The prevailing view has been that cancer is a disease related to modifications of the DNA, particularly mutations. Colorectal cancer provides an example in which it has become clear that this phenomenon emerges across various level of organisation, from molecular events, to the cell-cell interactions to tissue organisation. At the level of an organ or the organism, cancer represents the collapse of cooperation between millions of cells (Wodarz & Komarova, 2005). The prevailing view has been that cancer is initiated and progresses through sequential accumulation of mutations, i.e. through clonal evolution and successive phenotypic stages (Bernards & Weinberg, 2002; Siegmund, Marjoram, Tavare, & Shibata, 2009). A system, where these mechanisms are understood in considerable detail is colorectal cancer (Sjoblom, et al., 2006; Walther, et al., 2009; Wodarz & Komarova, 2005).

Recent studies of Colorectal Cancer (CRC) show that it remains a major health risk with over one million cases worldwide and a disease-specific mortality of approximately 33% in the developed world (Wolpin & Mazer, 2008; Walther, et al., 2009). For now, it is not clear why some patients respond to therapy and others do not, and why some patients relapse, whereas others do not. Based on current investigations, it appears that the CRC consists of an uncontrolled growth of abnormal cells in that part of the intestine (Boursi & Alber, 2007; Stein & Schlag, 2007). It is a multistep process, consisting of several genetic alterations, that alters the protein milieu of the cell and drives it to malignant transformation (Sjoblom, et al., 2006).

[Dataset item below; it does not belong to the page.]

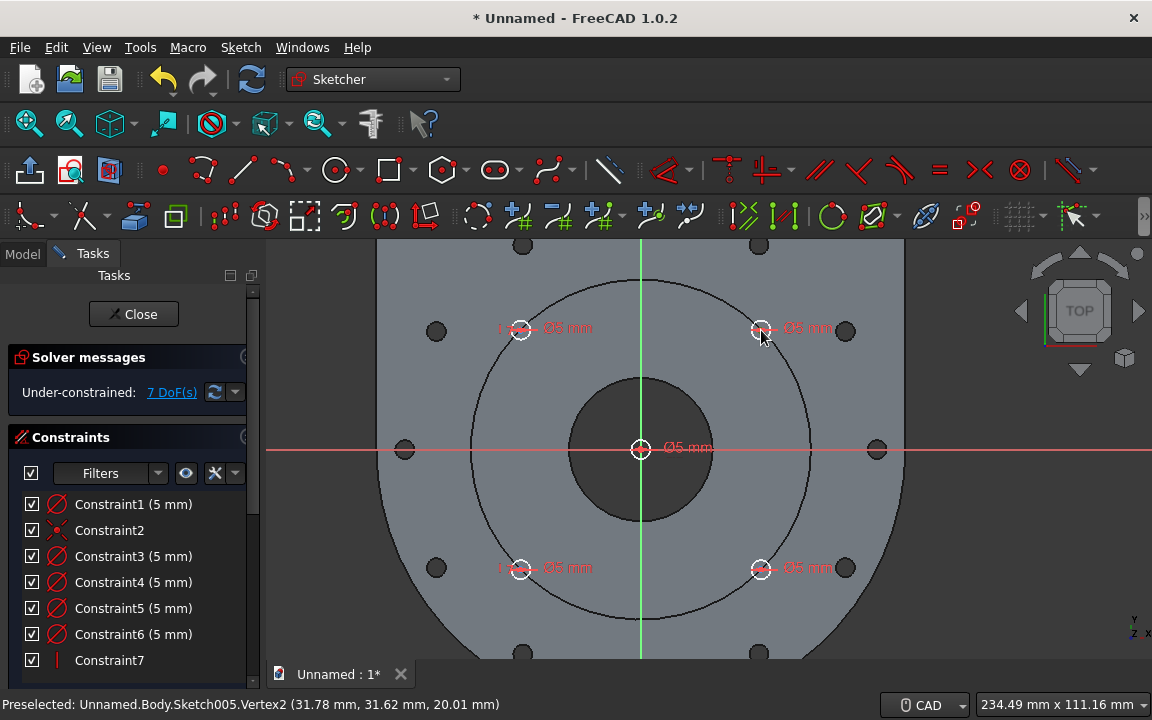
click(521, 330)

As indicated by its name, CRC is a cancer that affects the colon or the rectum. The colon consists of many microscopic structures called crypts. At the base of the crypt are located stem cells, which are undifferentiated cells. They can keep dividing and differentiate to epithelial cells. The differentiating cells travel up the crypt, perform their function, and die by apoptosis after about a week (Siegmund, et al., 2009; Wolpin & Mazer, 2008; Wodarz & Komarova, 2005). The epithelial cells are relatively short lived, which is why stem cell division has to give rise to new differentiated cells continuously in order to replenish the tissue. For this process to be in normal boundaries, it is crucial that the differentiated cells die by apoptosis. If the death of these cells fails, then a dysplastic crypt appears due to the accumulation of transformed cells around the crypt (formation of a polyp called adenoma). Recent studies of the multi-stage progression of CRC indicate that dysplastic crypt is the first stage of this disease (Kinzler & Vogelstein, 1998; Wodarz & Komarova, 2005). On the other hand, one of the molecular causes of CRC emergence and progression is a dysfunction in the Wnt signaling pathway, usually involving the tumor suppressor APC (Adenomatous Polyposis Coli) (Markowitz & Bertagnolli, 2009). It is well known that causation is complex and can involve several mutations and depends on the interaction between the different components of the pathway.